Published 12:00 am Saturday, June 22, 2013

I miss the times when I was involved in church as a child and later in life as a young widow.
When a major exacerbation with multiple sclerosis happened in 2002, it became difficult for me to attend church on a regular basis.
That was one of those times when I asked the Lord, “Why?” I thought I had been doing the right things to His glory and I didn’t think there was much I could do being confined in my wheelchair at home.
But God gave me a ministry of writing, speaking and making cards for our soldiers.
I came to realize that these were His plans for me.
One other thing he offered me was the opportunity and choice to watch and listen to the television evangelists whose ministries of which some folks do not approve.
The truth, however, is that these sermons have helped me write a lot of faith-based columns about the Lord and His word.
God even opened my eyes, ears and heart to ministers of other color and different styles of sharing God’s word.

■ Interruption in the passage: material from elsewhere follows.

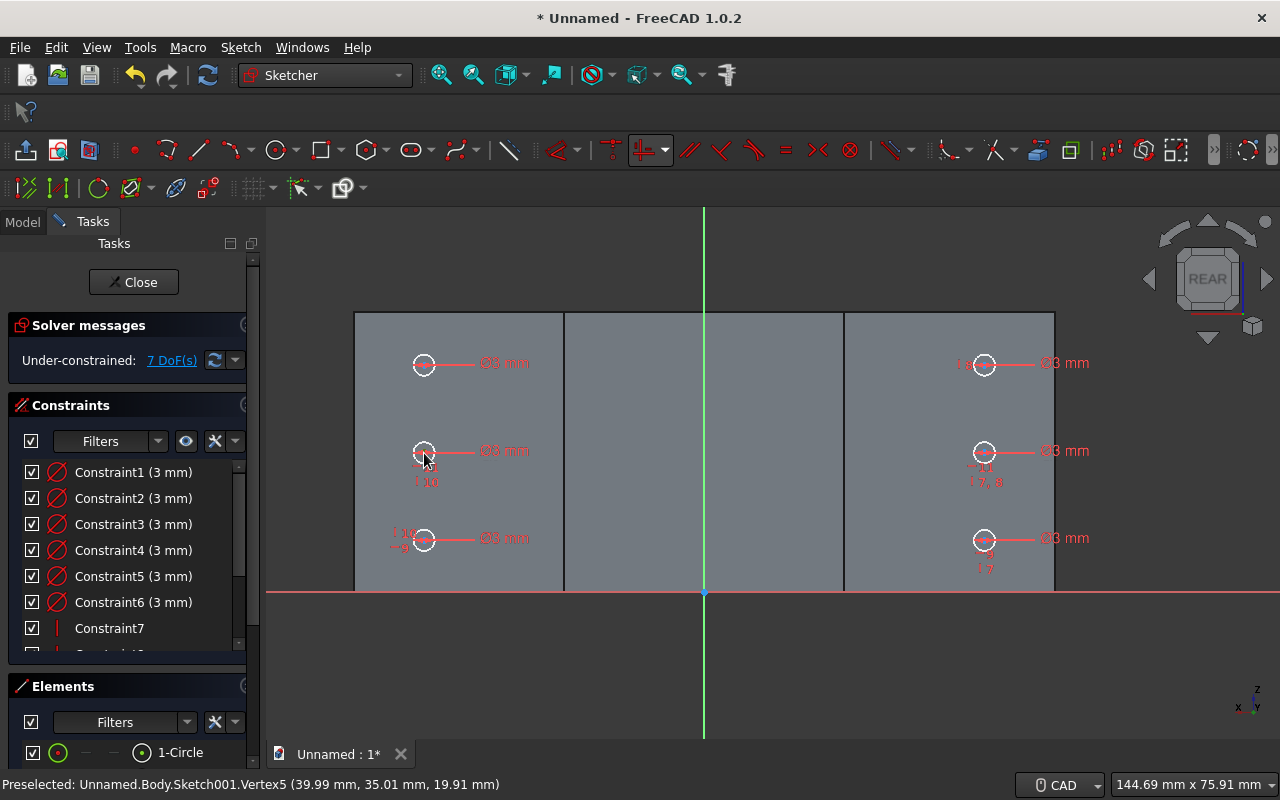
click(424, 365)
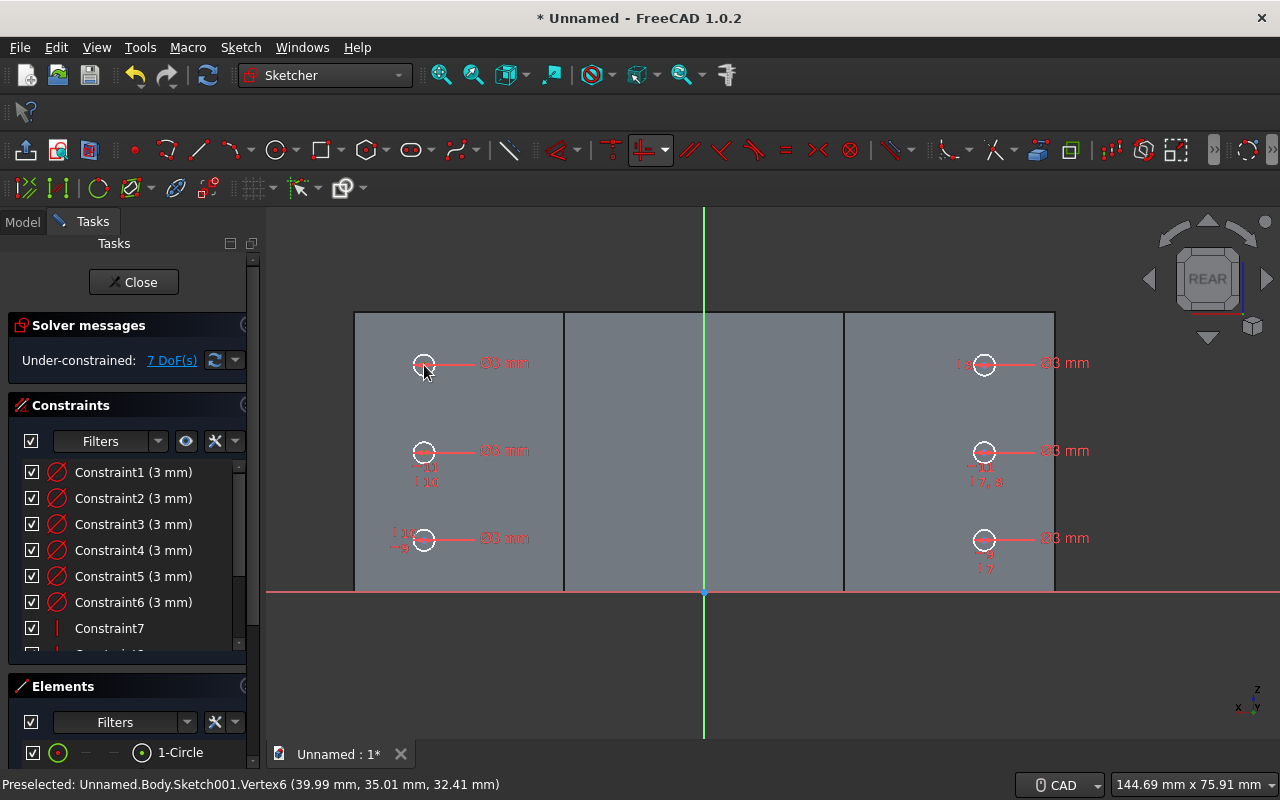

One surprising thing is that on any given Sunday, several ministers might preach on the same subjects from certain scriptures. And it will never cease to amaze me that it has something to do with the events that happened in my life that day, week or month.
So one may wonder what brought this story to paper. Well, as many other Sundays, two preachers talked about anger, bitterness, and forgiveness.
Most Christians know that these subjects are connected in one way or another. This may determine whether we are true believers who want to obey God’s word where these matters are concerned.
If we are able to trust and obey God in these situations, we can obtain that peace that surpasses understanding. It seems very strange to some folks that I seem to have that peace in spite of all that has gone wrong in my life.
This is not to say that everything that happens is, or has been, easy.
Years ago my philosophy was never to discuss religion or politics, but now I am more outspoken and do at times possibly “step on the toes of others.”
The pain this causes me — and the others — starts out with anger, causes the bitterness of holding grudges and in some situations, results in unforgiveness.
In my aging years, there is not much that makes me angry, at least nothing I can control.
I learned a long time ago about putting past grudges behind me, so there’s very little unforgiveness left in my heart from the past.
I know how to ask forgiveness, but that doesn’t mean the other person will grant that if they believe they were the one in the right.
But I know through prayer and supplication, God will forgive and that helps me to find that peace for which some folks are still searching.
There comes a time when we need to apologize and if the person whose toes we have stepped on chooses not to forgive the error of our ways, then according to these sermons, we just have to “let it go.”

Linda Beck, a writer and speaker, lives in Salisbury.